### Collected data
^^^^^^^^^^^^^^^^

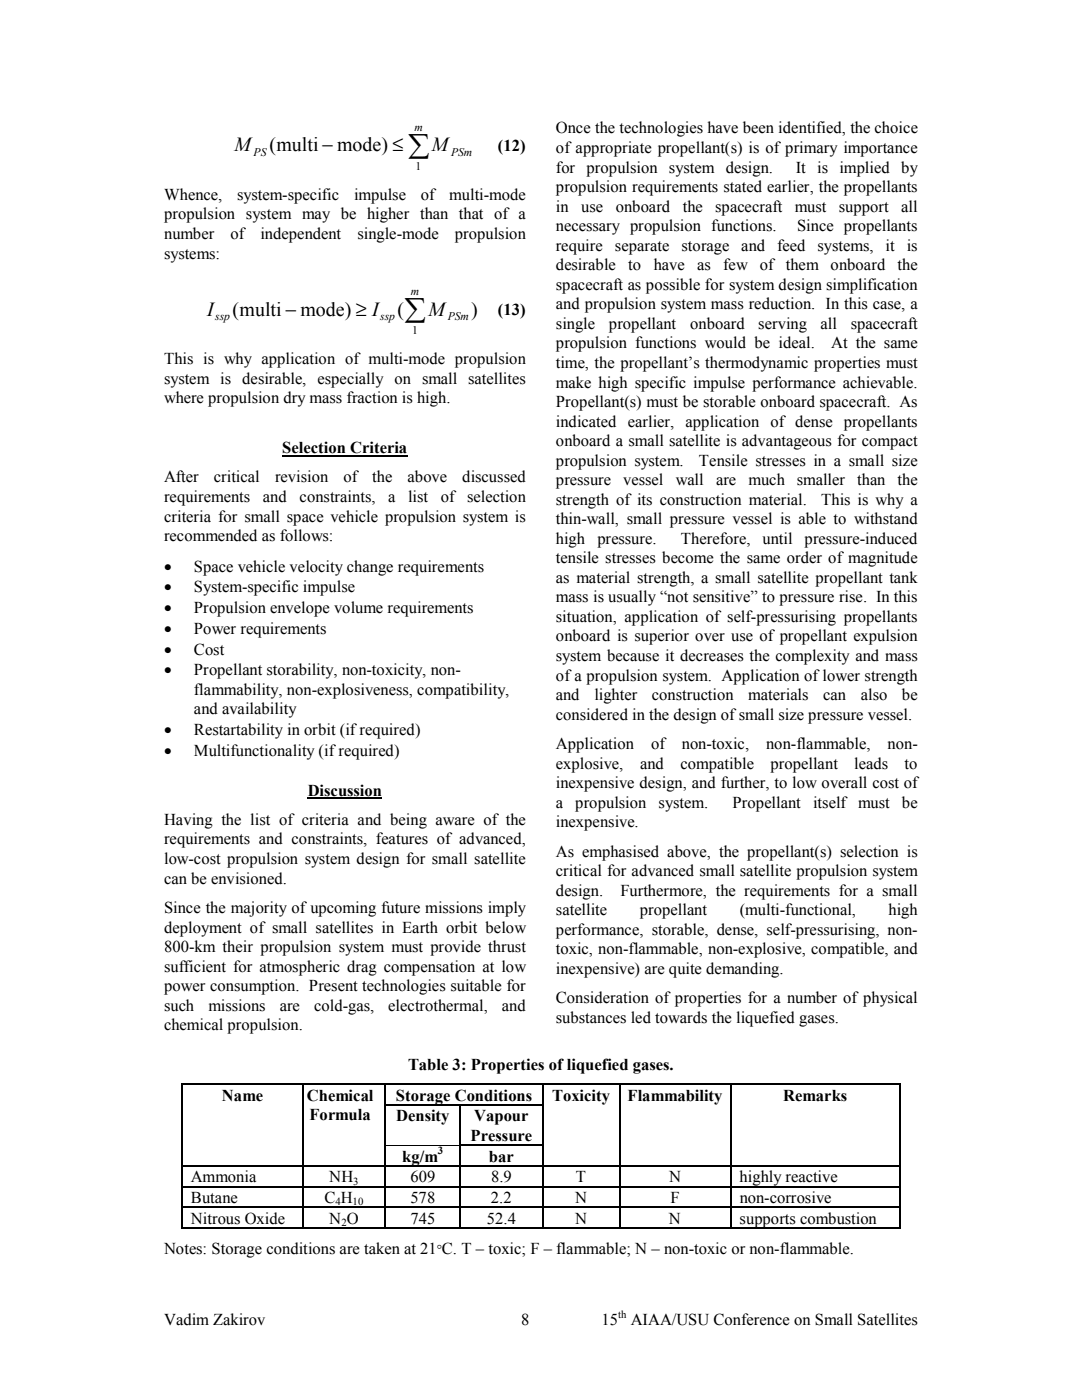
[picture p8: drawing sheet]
<svg xmlns="http://www.w3.org/2000/svg" width="216mm" height="279mm" viewBox="0 0 216 279" stroke-linecap="round" stroke-linejoin="round" font-family="sans-serif">
<defs><g id="words">
<g font-size="6">
<text x="81.5" y="31.1">∑</text>
<text x="80.7" y="63.9">∑</text>
</g>
<g font-size="4">
<text x="46.8" y="30.2">M</text>
<text x="53.8" y="30.2">(multi − mode) ≤</text>
<text x="86.2" y="30.2">M</text>
<text x="41.3" y="63">I</text>
<text x="46.4" y="63">(multi − mode) ≥ I</text>
<text x="79.3" y="63">(</text>
<text x="85.5" y="63">M</text>
<text x="94" y="63">)</text>
</g>
<g font-size="3.3">
<text x="110.9" y="26.6">Once the technologies have been identified, the choice</text>
<text x="99.4" y="30.1">(12)</text>
<text x="110.9" y="30.5">of appropriate propellant(s) is of primary importance</text>
<text x="110.9" y="34.5">for propulsion system design.</text>
<text x="158.8" y="34.5">It is implied by</text>
<text x="32.7" y="39.9">Whence,</text>
<text x="47.3" y="39.9">system-specific</text>
<text x="70.6" y="39.9">impulse</text>
<text x="84" y="39.9">of</text>
<text x="89.6" y="39.9">multi-mode</text>
<text x="110.9" y="38.4">propulsion requirements stated earlier, the propellants</text>
<text x="32.7" y="43.8">propulsion system may be higher than that of a</text>
<text x="32.7" y="47.7">number</text>
<text x="46" y="47.7">of</text>
<text x="52" y="47.7">independent</text>
<text x="71.3" y="47.7">single-mode</text>
<text x="90.8" y="47.7">propulsion</text>
<text x="110.9" y="42.2">in</text>
<text x="110.9" y="46.1">necessary propulsion functions.</text>
<text x="116" y="42.2">use</text>
<text x="122.8" y="42.2">onboard</text>
<text x="136.2" y="42.2">the</text>
<text x="142.7" y="42.2">spacecraft</text>
<text x="158.6" y="42.2">must</text>
<text x="159.1" y="46.1">Since propellants</text>
<text x="167.4" y="42.2">support</text>
<text x="179.8" y="42.2">all</text>
<text x="32.7" y="51.6">systems:</text>
<text x="110.9" y="50">require</text>
<text x="110.9" y="53.9">desirable</text>
<text x="122.7" y="50">separate</text>
<text x="125.4" y="53.9">to</text>
<text x="130.4" y="53.9">have</text>
<text x="136" y="50">storage</text>
<text x="139.1" y="53.9">as</text>
<text x="144.3" y="53.9">few</text>
<text x="147.9" y="50">and</text>
<text x="151.6" y="53.9">of them</text>
<text x="155.1" y="50">feed</text>
<text x="163.1" y="50">systems,</text>
<text x="165.7" y="53.9">onboard</text>
<text x="176.7" y="50">it</text>
<text x="179.1" y="53.9">the</text>
<text x="180.9" y="50">is</text>
<text x="110.9" y="57.8">spacecraft as possible for system design simplification</text>
<text x="99.4" y="62.9">(13)</text>
<text x="110.9" y="61.7">and propulsion system mass reduction. In this case, a</text>
<text x="110.9" y="65.7">single</text>
<text x="121.5" y="65.7">propellant</text>
<text x="137.7" y="65.7">onboard</text>
<text x="151.3" y="65.7">serving</text>
<text x="163.7" y="65.7">all</text>
<text x="169.7" y="65.7">spacecraft</text>
<text x="110.9" y="69.5">propulsion functions would be ideal.</text>
<text x="165.8" y="69.5">At the same</text>
<text x="32.7" y="72.7">This is why application of multi-mode propulsion</text>
<text x="32.7" y="76.6">system is desirable, especially on small satellites</text>
<text x="110.9" y="73.4">time, the propellant’s thermodynamic properties must</text>
<text x="110.9" y="77.3">make high specific impulse performance achievable.</text>
<text x="32.7" y="80.5">where propulsion dry mass fraction is high.</text>
<text x="110.9" y="81.2">Propellant(s) must be storable onboard spacecraft. As</text>
<text x="110.9" y="85.1">indicated earlier, application of dense propellants</text>
<text x="110.9" y="89">onboard a small satellite is advantageous for compact</text>
<text x="56.3" y="90.4">Selection Criteria</text>
<text x="110.9" y="92.9">propulsion system.</text>
<text x="139.5" y="92.9">Tensile stresses in a small size</text>
<text x="32.7" y="96.3">After</text>
<text x="32.7" y="100.2">requirements</text>
<text x="42.7" y="96.3">critical</text>
<text x="52.5" y="100.2">and</text>
<text x="54.9" y="96.3">revision</text>
<text x="59.8" y="100.2">constraints,</text>
<text x="68.5" y="96.3">of</text>
<text x="74.3" y="96.3">the</text>
<text x="77.5" y="100.2">a</text>
<text x="81.3" y="96.3">above</text>
<text x="81.4" y="100.2">list</text>
<text x="88" y="100.2">of selection</text>
<text x="92.2" y="96.3">discussed</text>
<text x="110.9" y="96.8">pressure</text>
<text x="110.9" y="100.7">strength of its construction material.</text>
<text x="124.4" y="96.8">vessel</text>
<text x="134.8" y="96.8">wall</text>
<text x="142.9" y="96.8">are</text>
<text x="149.4" y="96.8">much</text>
<text x="159" y="96.8">smaller</text>
<text x="163.8" y="100.7">This is why a</text>
<text x="171.1" y="96.8">than</text>
<text x="179.1" y="96.8">the</text>
<text x="32.7" y="104.1">criteria for small space vehicle propulsion system is</text>
<text x="32.7" y="108">recommended as follows:</text>
<text x="110.9" y="104.6">thin-wall, small pressure vessel is able to withstand</text>
<text x="110.9" y="108.5">high</text>
<text x="110.9" y="112.4">tensile stresses become the same order of magnitude</text>
<text x="119.2" y="108.5">pressure.</text>
<text x="135.9" y="108.5">Therefore,</text>
<text x="152.2" y="108.5">until</text>
<text x="160.5" y="108.5">pressure-induced</text>
<text x="32.7" y="114.1">•</text>
<text x="32.7" y="118.2">•</text>
<text x="38.7" y="114.1">Space vehicle velocity change requirements</text>
<text x="38.7" y="118.2">System-specific impulse</text>
<text x="110.9" y="116.3">as material strength, a small satellite propellant tank</text>
<text x="32.7" y="122.4">•</text>
<text x="38.7" y="122.4">Propulsion envelope volume requirements</text>
<text x="110.9" y="120.2">mass is usually “not sensitive” to pressure rise. In this</text>
<text x="110.9" y="124.1">situation, application of self-pressurising propellants</text>
<text x="32.7" y="126.5">•</text>
<text x="32.7" y="130.6">•</text>
<text x="38.7" y="126.5">Power requirements</text>
<text x="38.7" y="130.6">Cost</text>
<text x="110.9" y="128">onboard is superior over use of propellant expulsion</text>
<text x="110.9" y="131.9">system because it decreases the complexity and mass</text>
<text x="32.7" y="134.8">•</text>
<text x="38.7" y="134.8">Propellant storability, non-toxicity, non-</text>
<text x="110.9" y="135.8">of a propulsion system. Application of lower strength</text>
<text x="38.7" y="138.7">flammability, non-explosiveness, compatibility,</text>
<text x="38.7" y="142.6">and availability</text>
<text x="110.9" y="139.7">and</text>
<text x="110.9" y="143.6">considered in the design of small size pressure vessel.</text>
<text x="118.6" y="139.7">lighter</text>
<text x="130.1" y="139.7">construction</text>
<text x="149.3" y="139.7">materials</text>
<text x="164.3" y="139.7">can</text>
<text x="171.7" y="139.7">also</text>
<text x="180" y="139.7">be</text>
<text x="32.7" y="146.7">•</text>
<text x="38.7" y="146.7">Restartability in orbit (if required)</text>
<text x="110.9" y="149.5">Application</text>
<text x="129.9" y="149.5">of</text>
<text x="136" y="149.5">non-toxic,</text>
<text x="152.9" y="149.5">non-flammable,</text>
<text x="177.1" y="149.5">non-</text>
<text x="32.7" y="150.9">•</text>
<text x="38.7" y="150.9">Multifunctionality (if required)</text>
<text x="110.9" y="153.4">explosive,</text>
<text x="127.7" y="153.4">and</text>
<text x="135.8" y="153.4">compatible</text>
<text x="153.7" y="153.4">propellant</text>
<text x="170.4" y="153.4">leads</text>
<text x="180.5" y="153.4">to</text>
<text x="61.4" y="158.8">Discussion</text>
<text x="110.9" y="157.3">inexpensive design, and further, to low overall cost of</text>
<text x="110.9" y="161.2">a</text>
<text x="114.8" y="161.2">propulsion</text>
<text x="131.4" y="161.2">system.</text>
<text x="146.2" y="161.2">Propellant</text>
<text x="162.2" y="161.2">itself must</text>
<text x="180" y="161.2">be</text>
<text x="32.7" y="164.6">Having the list of criteria and being aware of the</text>
<text x="110.9" y="165.1">inexpensive.</text>
<text x="32.7" y="168.5">requirements and constraints, features of advanced,</text>
<text x="32.7" y="172.4">low-cost propulsion system design for small satellite</text>
<text x="110.9" y="171">As emphasised above, the propellant(s) selection is</text>
<text x="32.7" y="176.3">can be envisioned.</text>
<text x="110.9" y="174.9">critical for advanced small satellite propulsion system</text>
<text x="110.9" y="178.8">design.</text>
<text x="123.8" y="178.8">Furthermore, the requirements for a small</text>
<text x="32.7" y="182.2">Since the majority of upcoming future missions imply</text>
<text x="110.9" y="182.7">satellite</text>
<text x="127.7" y="182.7">propellant</text>
<text x="147.6" y="182.7">(multi-functional,</text>
<text x="177.3" y="182.7">high</text>
<text x="32.7" y="186.1">deployment of small satellites in Earth orbit below</text>
<text x="32.7" y="190">800-km their propulsion system must provide thrust</text>
<text x="110.9" y="186.6">performance, storable, dense, self-pressurising, non-</text>
<text x="110.9" y="190.5">toxic, non-flammable, non-explosive, compatible, and</text>
<text x="32.7" y="193.9">sufficient for atmospheric drag compensation at low</text>
<text x="32.7" y="197.8">power consumption. Present technologies suitable for</text>
<text x="110.9" y="194.4">inexpensive) are quite demanding.</text>
<text x="32.7" y="201.7">such</text>
<text x="41.6" y="201.7">missions</text>
<text x="55.8" y="201.7">are</text>
<text x="62.7" y="201.7">cold-gas,</text>
<text x="77.5" y="201.7">electrothermal,</text>
<text x="100.1" y="201.7">and</text>
<text x="110.9" y="200.3">Consideration of properties for a number of physical</text>
<text x="32.7" y="205.6">chemical propulsion.</text>
<text x="110.9" y="204.2">substances led towards the liquefied gases.</text>
<text x="81.4" y="213.6">Table 3: Properties of liquefied gases.</text>
<text x="44.3" y="219.6">Name</text>
<text x="61.2" y="219.6">Chemical</text>
<text x="79" y="219.7">Storage Conditions</text>
<text x="110.2" y="219.6">Toxicity</text>
<text x="125.2" y="219.6">Flammability</text>
<text x="156.3" y="219.6">Remarks</text>
<text x="61.7" y="223.5">Formula</text>
<text x="79" y="223.8">Density</text>
<text x="93.9" y="227.7">Pressure</text>
<text x="94.6" y="223.8">Vapour</text>
<text x="80.3" y="231.8">kg/m</text>
<text x="97.5" y="231.8">bar</text>
<text x="38.1" y="235.9">Ammonia</text>
<text x="65.7" y="235.9">NH</text>
<text x="81.9" y="235.9">609</text>
<text x="98" y="235.9">8.9</text>
<text x="114.9" y="235.9">T</text>
<text x="133.5" y="235.9">N</text>
<text x="147.6" y="235.9">highly reactive</text>
<text x="38.1" y="240.1">Butane</text>
<text x="38.1" y="244.2">Nitrous Oxide</text>
<text x="64.7" y="240.1">C H</text>
<text x="65.7" y="244.2">N O</text>
<text x="81.9" y="240.1">578</text>
<text x="81.9" y="244.2">745</text>
<text x="97.1" y="244.2">52.4</text>
<text x="98" y="240.1">2.2</text>
<text x="114.7" y="240.1">N</text>
<text x="114.7" y="244.2">N</text>
<text x="133.5" y="244.2">N</text>
<text x="133.8" y="240.1">F</text>
<text x="147.6" y="244.2">supports combustion</text>
<text x="147.6" y="240.1">non-corrosive</text>
<text x="32.7" y="250.3">Notes: Storage conditions are taken at 21 C. T – toxic; F – flammable; N – non-toxic or non-flammable.</text>
<text x="32.7" y="264.5">Vadim Zakirov</text>
<text x="104" y="264.5">8</text>
<text x="120" y="264.5">15</text>
<text x="125.9" y="264.5">AIAA/USU Conference on Small Satellites</text>
</g>
<text font-size="2.7" x="87.2" y="250.3">°</text>
<g font-size="2.3">
<text x="82.7" y="26.1">m</text>
<text x="50.6" y="31.2">PS</text>
<text x="82.9" y="33.9">1</text>
<text x="90" y="31.2">PSm</text>
<text x="82" y="58.9">m</text>
<text x="42.9" y="64">ssp</text>
<text x="75.9" y="64">ssp</text>
<text x="89.3" y="64">PSm</text>
<text x="82.2" y="66.8">1</text>
</g>
<g font-size="2.1">
<text x="87.3" y="230.4">3</text>
<text x="70.5" y="236.4">3</text>
<text x="66.9" y="240.6">4</text>
<text x="68.1" y="244.7">2</text>
<text x="70.4" y="240.6">10</text>
<text x="123.4" y="263">th</text>
</g>
</g></defs>
<path d="M56.3 91h25M61.4 159.3h14.8" fill="none" stroke="#000" stroke-width=".34"/>
<g fill="#000">
<path d="M36.2 216.3h.2v.2h-.2zM60.3 216.3h.2v.2h-.2zM76.8 216.3h.2v.2h-.2zM108.2 216.3h.2v.2h-.2zM123.5 216.3h.2v.2h-.2zM145.7 216.3h.2v.2h-.2zM179.4 216.3h.3v.2h-.3zM36.2 220.4h.2v.2h-.2zM36.2 228.5h.2v.2h-.2zM36.2 232.6h.2v.2h-.2zM36.2 236.7h.2v.3h-.2zM60.3 220.4h.2v.2h-.2z"/>
<path d="M60.3 228.5h.2v.2h-.2zM60.3 232.6h.2v.2h-.2zM60.3 236.7h.2v.3h-.2zM76.8 220.4h.2v.2h-.2zM76.8 228.5h.2v.2h-.2zM76.8 232.6h.2v.2h-.2zM76.8 236.7h.2v.3h-.2zM91.7 220.4h.3v.2h-.3zM91.7 228.5h.3v.2h-.3zM91.7 232.6h.3v.2h-.3zM91.7 236.7h.3v.3h-.3zM108.2 220.4h.2v.2h-.2z"/>
<path d="M108.2 228.5h.2v.2h-.2zM108.2 232.6h.2v.2h-.2zM108.2 236.7h.2v.3h-.2zM123.5 220.4h.2v.2h-.2zM123.5 228.5h.2v.2h-.2zM123.5 232.6h.2v.2h-.2zM123.5 236.7h.2v.3h-.2zM145.7 220.4h.2v.2h-.2zM145.7 228.5h.2v.2h-.2zM145.7 232.6h.2v.2h-.2zM145.7 236.7h.2v.3h-.2zM179.4 220.4h.3v.2h-.3z"/>
<path d="M179.4 228.5h.3v.2h-.3zM179.4 232.6h.3v.2h-.3zM179.4 236.7h.3v.3h-.3zM36.2 240.9h.2v.2h-.2zM36.2 245h.2v.2h-.2zM60.3 240.9h.2v.2h-.2zM60.3 245h.2v.2h-.2zM76.8 240.9h.2v.2h-.2zM76.8 245h.2v.2h-.2zM91.7 240.9h.3v.2h-.3zM91.7 245h.3v.2h-.3zM108.2 240.9h.2v.2h-.2z"/>
<path d="M108.2 245h.2v.2h-.2zM123.5 240.9h.2v.2h-.2zM123.5 245h.2v.2h-.2zM145.7 240.9h.2v.2h-.2zM145.7 245h.2v.2h-.2zM179.4 240.9h.3v.2h-.3zM179.4 245h.3v.2h-.3z"/>
</g>
<g fill="none" stroke="#000" stroke-width=".25">
<path d="M36.4 216.4h23.9M60.4 216.5v3.9M60.5 216.4h16.3M77 216.4h31.2M108.3 216.5v3.9M108.4 216.4h15.1M123.6 216.5v3.9M123.7 216.4h22M145.9 216.4h33.5M179.5 216.5v3.9M36.4 232.7h23.9M36.4 236.8h23.9"/>
<path d="M60.4 220.6v7.9M60.4 228.7v3.9M60.4 232.8v3.9M60.4 237v3.9M60.5 232.7h16.3M60.5 236.8h16.3M77 232.7h14.7M77 236.8h14.7M91.8 220.6v7.9M91.8 228.7v3.9M91.8 232.8v3.9M91.8 237v3.9"/>
<path d="M92 232.7h16.2M92 236.8h16.2M108.3 220.6v7.9M108.3 228.7v3.9M108.3 232.8v3.9M108.3 237v3.9M108.4 232.7h15.1M108.4 236.8h15.1M123.6 220.6v7.9M123.6 228.7v3.9M123.6 232.8v3.9M123.6 237v3.9"/>
<path d="M123.7 232.7h22M123.7 236.8h22M145.9 232.7h33.5M145.9 236.8h33.5M179.5 220.6v7.9M179.5 228.7v3.9M179.5 232.8v3.9M179.5 237v3.9M60.4 241.1v3.9M91.8 241.1v3.9M108.3 241.1v3.9M123.6 241.1v3.9"/>
<path d="M179.5 241.1v3.9"/>
</g>
<g fill="none" stroke="#000" stroke-width=".21">
<path d="M36.3 216.5v3.9M76.9 216.5v3.9M145.8 216.5v3.9M36.3 220.6v7.9M36.3 228.7v3.9M36.3 232.8v3.9M36.3 237v3.9M76.9 220.6v7.9M76.9 228.7v3.9M76.9 232.8v3.9M76.9 237v3.9M77 220.5h14.7"/>
<path d="M92 220.5h16.2M92 228.6h16.2M145.8 220.6v7.9M145.8 228.7v3.9M145.8 232.8v3.9M145.8 237v3.9M36.3 241.1v3.9M36.4 241h23.9M36.4 245.1h23.9M60.5 241h16.3M60.5 245.1h16.3M76.9 241.1v3.9"/>
<path d="M77 241h14.7M77 245.1h14.7M92 241h16.2M92 245.1h16.2M108.4 241h15.1M108.4 245.1h15.1M123.7 241h22M123.7 245.1h22M145.8 241.1v3.9M145.9 241h33.5M145.9 245.1h33.5"/>
</g>
<path d="M77 228.5h14.7" fill="none" stroke="#000" stroke-width=".2"/>
<use href="#words"/>
</svg>

^^^^^^^^^^^^^^^^

### What is needed
Take every line from the data above that holds "functions" and copy it out.

### Written answer
<text x="110.9" y="46.1">necessary propulsion functions.</text>
<text x="110.9" y="69.5">propulsion functions would be ideal.</text>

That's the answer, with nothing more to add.